While no one could replace Lombard, or really challenge Irene Dunne, two other actresses, Katherine Hepburn and Claudette Colbert, made their own mark on screwball comedies. Both Hepburn and Colbert were reliant on 'stagy', more intellectual acting rather than Lombard's intuitive whirlwind and Dunne's ease at improvisation. However, Hepburn's brittle smarts have aged better for today's audience than Colbert's image, and Hepburn remains more respected and more cited in film texts. Hepburn was a Bryn Mawr graduate and thus by extension very intelligent and born to high society - that makes her descent into screwball antics all the more interesting.

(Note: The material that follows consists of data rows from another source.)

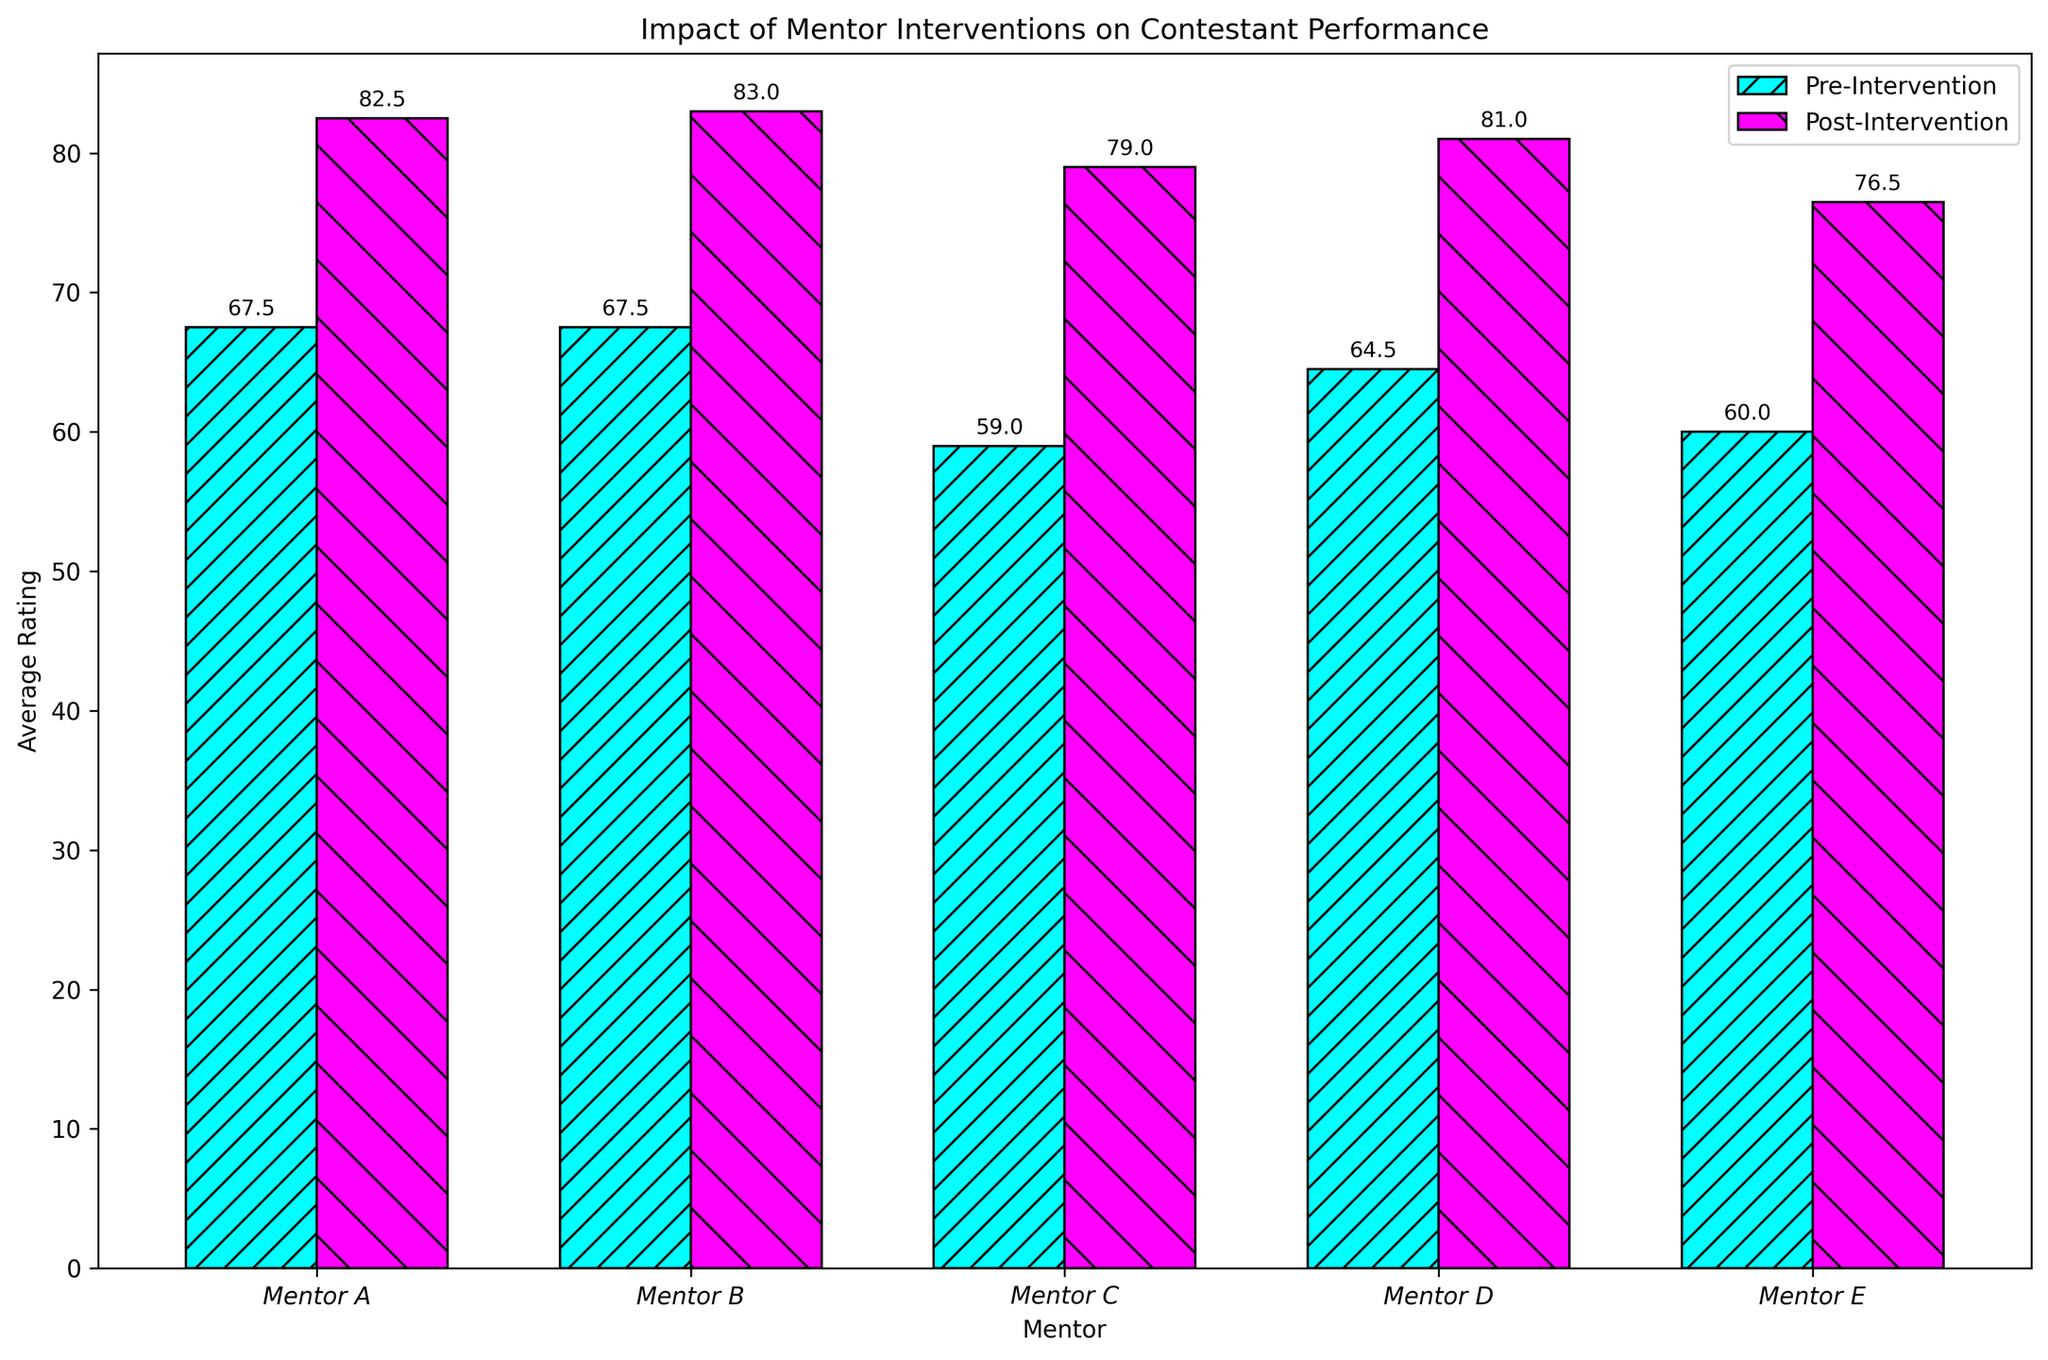Which mentor has the highest average post-intervention rating? We need to compare the heights of the post-intervention bars for all mentors. By inspecting the figure, Mentor B's bar for post-intervention is the tallest.
Answer: Mentor B How much did the average rating improve for Mentor A's contestants after the intervention? We find the difference between the pre-intervention and post-intervention averages for Mentor A. The pre-intervention average is 67.5 (mean of 65 and 70), and the post-intervention average is 82.5 (mean of 80 and 85). The improvement is 82.5 - 67.5.
Answer: 15 Which mentor shows the smallest improvement in average ratings? We look at the difference between the pre-intervention and post-intervention bars for each mentor. Mentor D shows the smallest gap between pre- and post-intervention averages.
Answer: Mentor D How many mentors had an average post-intervention rating greater than 80? We count the number of mentors whose post-intervention bars are above the 80 mark. Mentors A, B, C, and D all have post-intervention ratings greater than 80.
Answer: 4 What is the difference between the highest and lowest average pre-intervention ratings among all mentors? We identify the highest and lowest pre-intervention bars and calculate the difference. Mentor B has the highest pre-intervention rating (67.5), and Mentor E has the lowest (60). The difference is 67.5 - 60.
Answer: 7.5 Which mentor has the smallest variance between their pre- and post-intervention average ratings? We analyze the visual difference between the pre- and post-intervention bars for each mentor. Mentor D shows the smallest visual difference.
Answer: Mentor D What is the combined average post-intervention rating for all mentors? We sum the post-intervention averages for all mentors and divide by the number of mentors. The post-intervention averages are 82.5, 83, 79, 81, and 76.5. The total is 402, and the average is 402 / 5.
Answer: 80.4 Which mentor had contestants with pre-intervention ratings closest to each other? We check the closeness of the two pre-intervention bars for each mentor. Mentor C's contestants had pre-intervention ratings of 58 and 60, which are closest.
Answer: Mentor C Which mentor had contestants with the highest average rating improvement from pre- to post-intervention? We calculate the improvement for each mentor and compare. Mentor B's contestants show the highest average improvement from 67.5 to 83, which is a 15.5 increase.
Answer: Mentor B What is Mentor E's average improvement in contestant ratings? We calculate the difference between the pre- and post-intervention averages for Mentor E. The pre-intervention average is 60, and the post-intervention average is 76.5. The improvement is 76.5 - 60.
Answer: 16.5 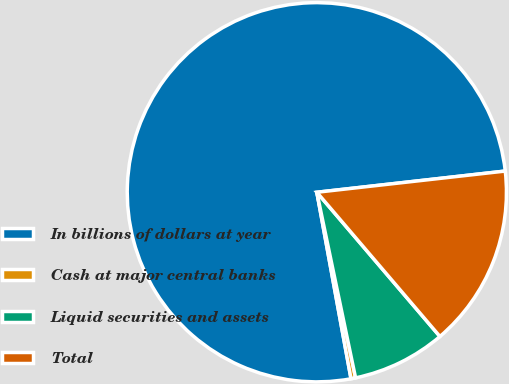<chart> <loc_0><loc_0><loc_500><loc_500><pie_chart><fcel>In billions of dollars at year<fcel>Cash at major central banks<fcel>Liquid securities and assets<fcel>Total<nl><fcel>76.1%<fcel>0.39%<fcel>7.97%<fcel>15.54%<nl></chart> 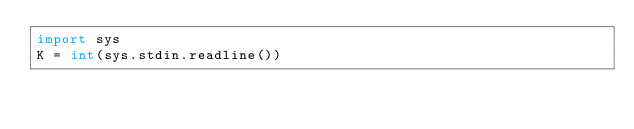Convert code to text. <code><loc_0><loc_0><loc_500><loc_500><_Python_>import sys
K = int(sys.stdin.readline())
</code> 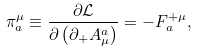<formula> <loc_0><loc_0><loc_500><loc_500>\pi _ { a } ^ { \mu } \equiv \frac { \partial \mathcal { L } } { \partial \left ( \partial _ { + } A _ { \mu } ^ { a } \right ) } = - F _ { a } ^ { + \mu } ,</formula>

Colbert, on the other hand, nicknamed "the Fretting Frog" by one of her directors, came over from France as her father tried to resuscitate his business. With his untimely death, Colbert had to make her way in the world to help support her family. In terms of her facial features alone, Colbert was very different from Hepburn, who with her angular face, height and leanness, was as much a signature "Howard Hawks woman" as Lauren Bacall. Instead, Colbert had a very round, and exaggeratedly "cute" face, which masked determination and intelligence, as Kendall mentioned earlier.15 It is ironic that Hepburn gets more credit in film criticism for her brains, since it must have been just as difficult for Colbert (and her screwball heroines) to disguise her intelligence behind coyness and a cute face. The Palm Beach Story, one of the last screwballs made, picked up on this facility by casting Colbert as a woman who turns to gold-digging in order to support a failed inventor husband.

Even less than Colbert and Hepburn's lack of importance in comparison to Irene Dunne and Carole Lombard, no other male actor could do screwball like Cary Grant. William Powell was excellent as Godfrey in My Man Godfrey and as Nick in The Thin Man, but like Melvyn Douglas (also often considered a seminal screwball hero), his classy, suave gentlemen never really lost their composure to the degree Grant's would. Godfrey reteamed Powell with his ex-wife, Carole Lombard (they stayed close friends after the divorce, and Powell even insisted on Lombard's casting), using their opposite temperaments to heighten the crazy atmosphere. Melvyn Douglas' polar opposite, and friend, Fred MacMurray, would co-star with Douglas to the same effect. Unlike the Cary Grant-Ralph Bellamy team, where Bellamy always ended up loser, it was not possible in the Jean Arthur and Douglas-MacMurray film Too Many Husbands to predict who would win in the end. Fred MacMurray exemplified the all-American "every guy" so well he continued to reprise such a role as the father on My Three Sons. It also made his descent into evil (and manipulation by Barbara Stanwyck, glowing with the malice only hinted at by The Lady Eve) in Double Indemnity all the more frightening.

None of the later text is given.